[Opening Exercise input section]
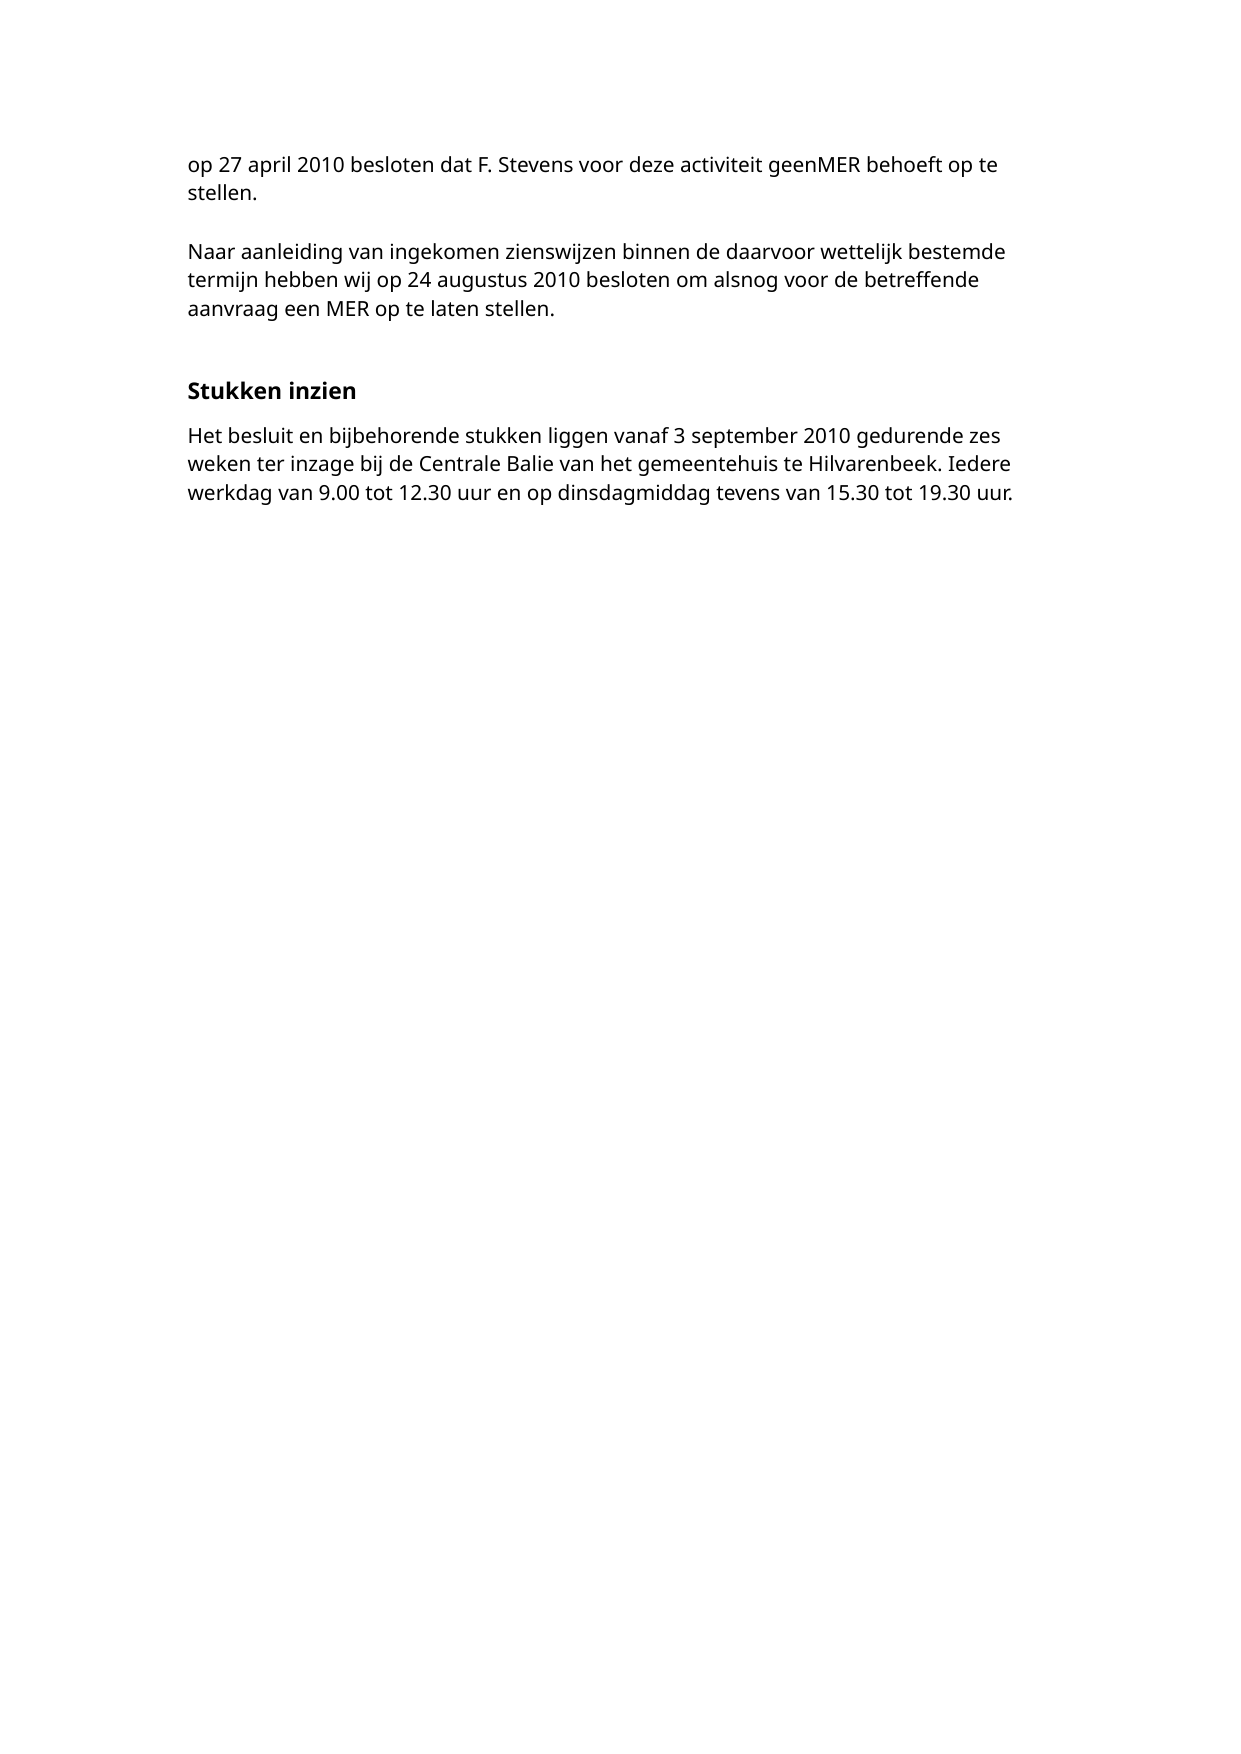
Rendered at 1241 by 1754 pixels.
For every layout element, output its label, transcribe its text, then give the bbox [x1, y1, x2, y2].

text Naar aanleiding van ingekomen zienswijzen binnen de daarvoor wettelijk bestemde termijn hebben wij op 24 augustus 2010 besloten om alsnog voor de betreffende aanvraag een MER op te laten stellen. [187, 237, 1053, 322]
text Het besluit en bijbehorende stukken liggen vanaf 3 september 2010 gedurende zes weken ter inzage bij de Centrale Balie van het gemeentehuis te Hilvarenbeek. Iedere werkdag van 9.00 tot 12.30 uur en op dinsdagmiddag tevens van 15.30 tot 19.30 uur. [187, 421, 1053, 506]
subtitle Stukken inzien [187, 375, 1053, 406]
text op 27 april 2010 besloten dat F. Stevens voor deze activiteit geenMER behoeft op te stellen. [187, 150, 1053, 207]
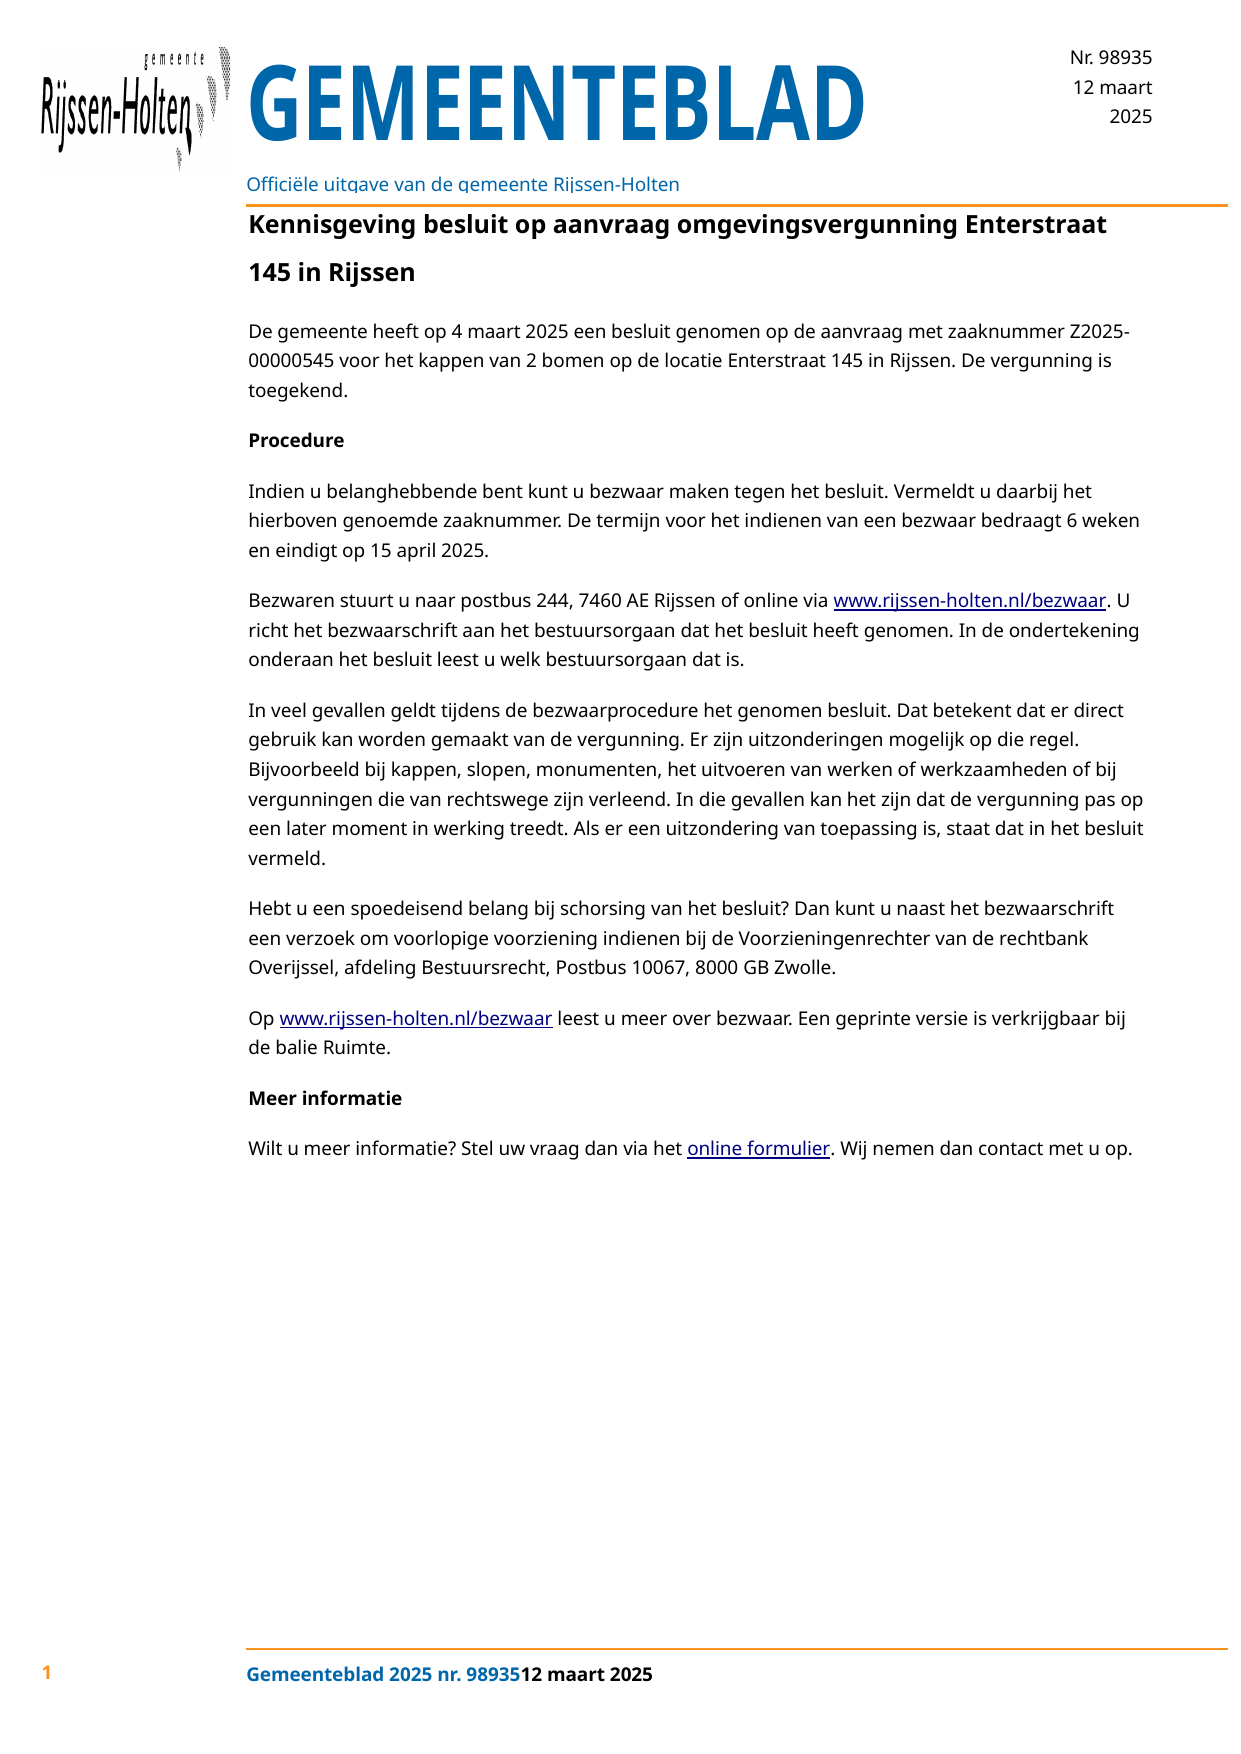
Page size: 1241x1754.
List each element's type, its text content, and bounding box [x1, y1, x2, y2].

text Op www.rijssen-holten.nl/bezwaar leest u meer over bezwaar. Een geprinte versie is verkrijgbaar bij de balie Ruimte. [248, 1005, 1152, 1060]
text Kennisgeving besluit op aanvraag omgevingsvergunning Enterstraat 145 in Rijssen [248, 207, 1152, 288]
text Indien u belanghebbende bent kunt u bezwaar maken tegen het besluit. Vermeldt u daarbij het hierboven genoemde zaaknummer. De termijn voor het indienen van een bezwaar bedraagt 6 weken en eindigt op 15 april 2025. [248, 478, 1152, 563]
text In veel gevallen geldt tijdens de bezwaarprocedure het genomen besluit. Dat betekent dat er direct gebruik kan worden gemaakt van de vergunning. Er zijn uitzonderingen mogelijk op die regel. Bijvoorbeeld bij kappen, slopen, monumenten, het uitvoeren van werken of werkzaamheden of bij vergunningen die van rechtswege zijn verleend. In die gevallen kan het zijn dat de vergunning pas op een later moment in werking treedt. Als er een uitzondering van toepassing is, staat dat in het besluit vermeld. [248, 697, 1152, 871]
text Procedure [248, 427, 1152, 453]
text Hebt u een spoedeisend belang bij schorsing van het besluit? Dan kunt u naast het bezwaarschrift een verzoek om voorlopige voorziening indienen bij de Voorzieningenrechter van de rechtbank Overijssel, afdeling Bestuursrecht, Postbus 10067, 8000 GB Zwolle. [248, 895, 1152, 980]
picture [41, 47, 231, 172]
text Bezwaren stuurt u naar postbus 244, 7460 AE Rijssen of online via www.rijssen-holten.nl/bezwaar. U richt het bezwaarschrift aan het bestuursorgaan dat het besluit heeft genomen. In de ondertekening onderaan het besluit leest u welk bestuursorgaan dat is. [248, 587, 1152, 672]
text Meer informatie [248, 1085, 1152, 1111]
text De gemeente heeft op 4 maart 2025 een besluit genomen op de aanvraag met zaaknummer Z2025-00000545 voor het kappen van 2 bomen op de locatie Enterstraat 145 in Rijssen. De vergunning is toegekend. [248, 318, 1152, 403]
text Wilt u meer informatie? Stel uw vraag dan via het online formulier. Wij nemen dan contact met u op. [248, 1135, 1152, 1161]
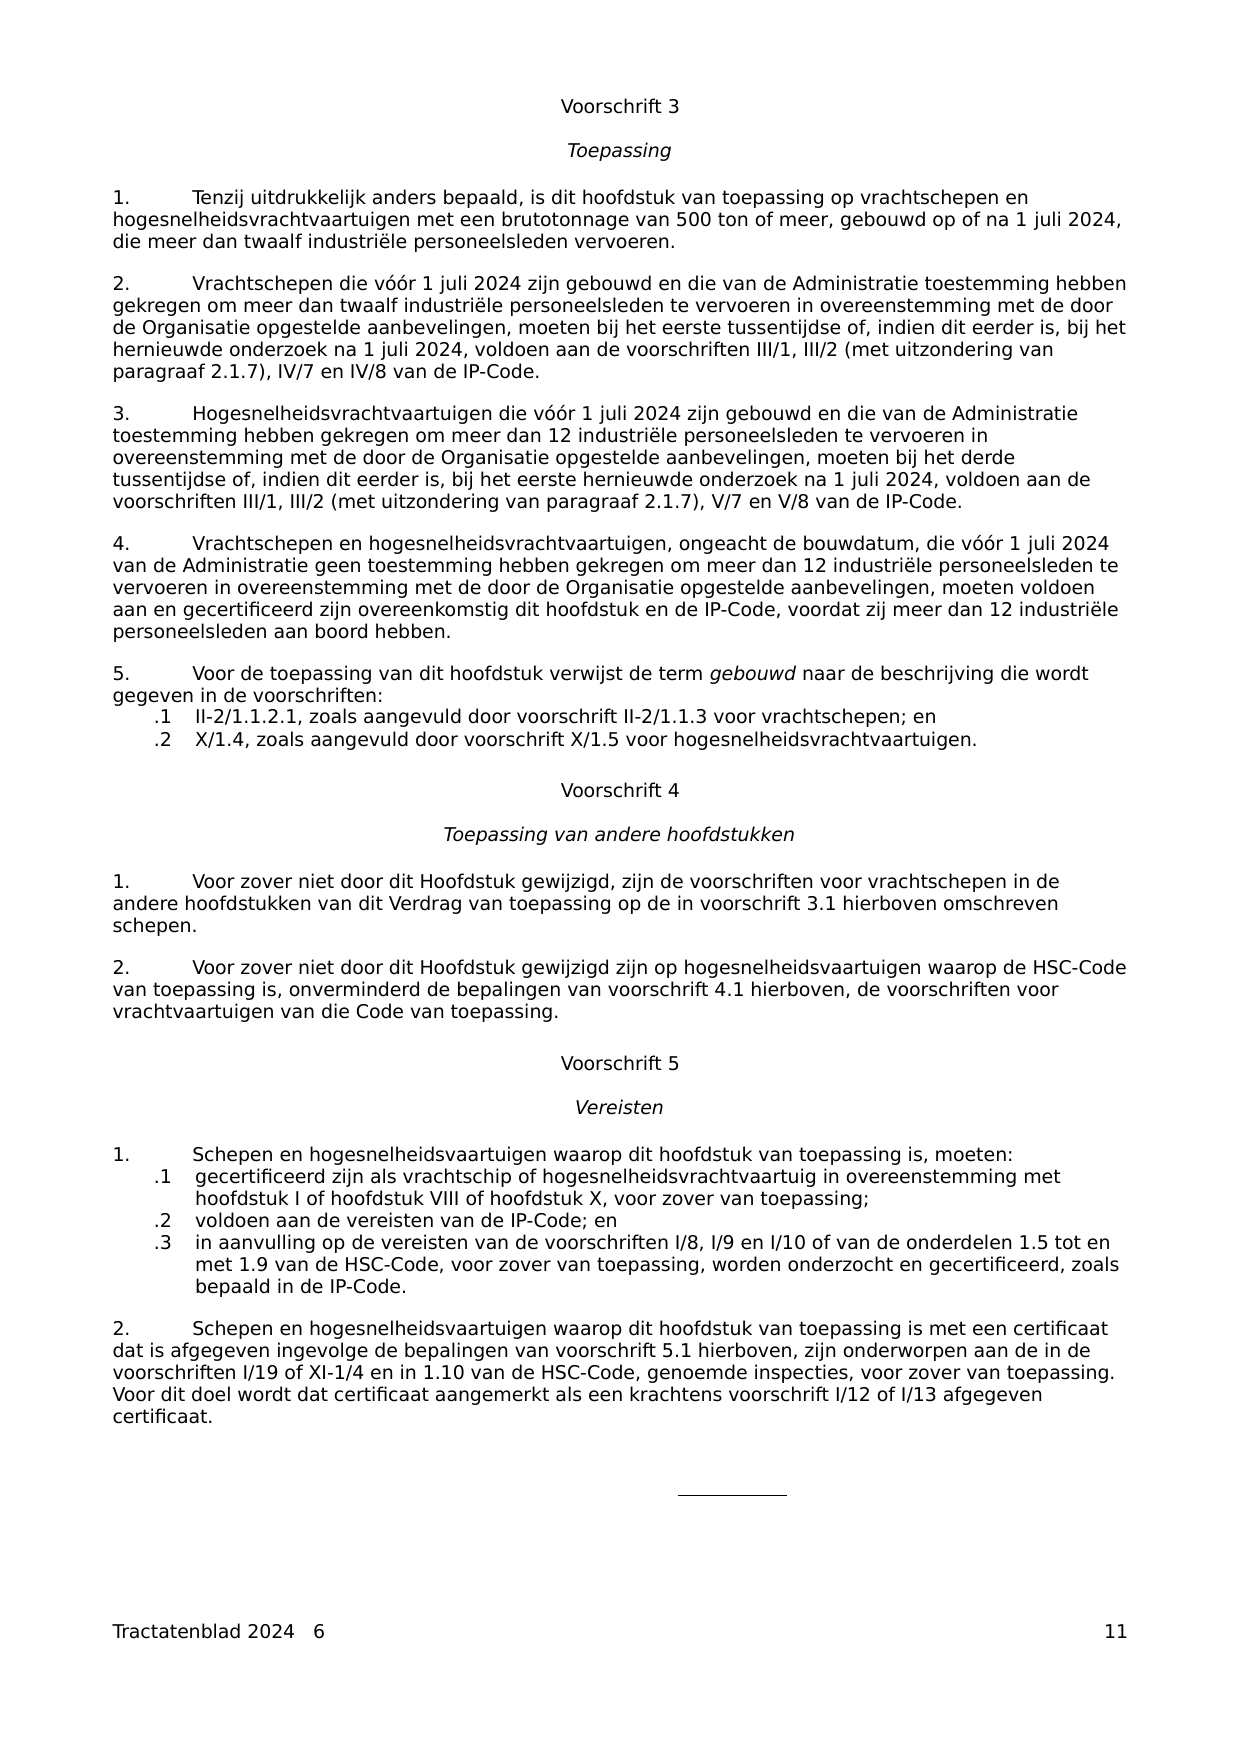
[Closing Exercise input section]
▶ Exercise requirements: Find "kunt" in the data above. Report each line where it appears.

▶ Exercise answer:
text Indien u belanghebbende bent kunt u bezwaar maken tegen het besluit. Vermeldt u daarbij het hierboven genoemde zaaknummer. De termijn voor het indienen van een bezwaar bedraagt 6 weken en eindigt op 15 april 2025. [248, 478, 1152, 563]
text Hebt u een spoedeisend belang bij schorsing van het besluit? Dan kunt u naast het bezwaarschrift een verzoek om voorlopige voorziening indienen bij de Voorzieningenrechter van de rechtbank Overijssel, afdeling Bestuursrecht, Postbus 10067, 8000 GB Zwolle. [248, 895, 1152, 980]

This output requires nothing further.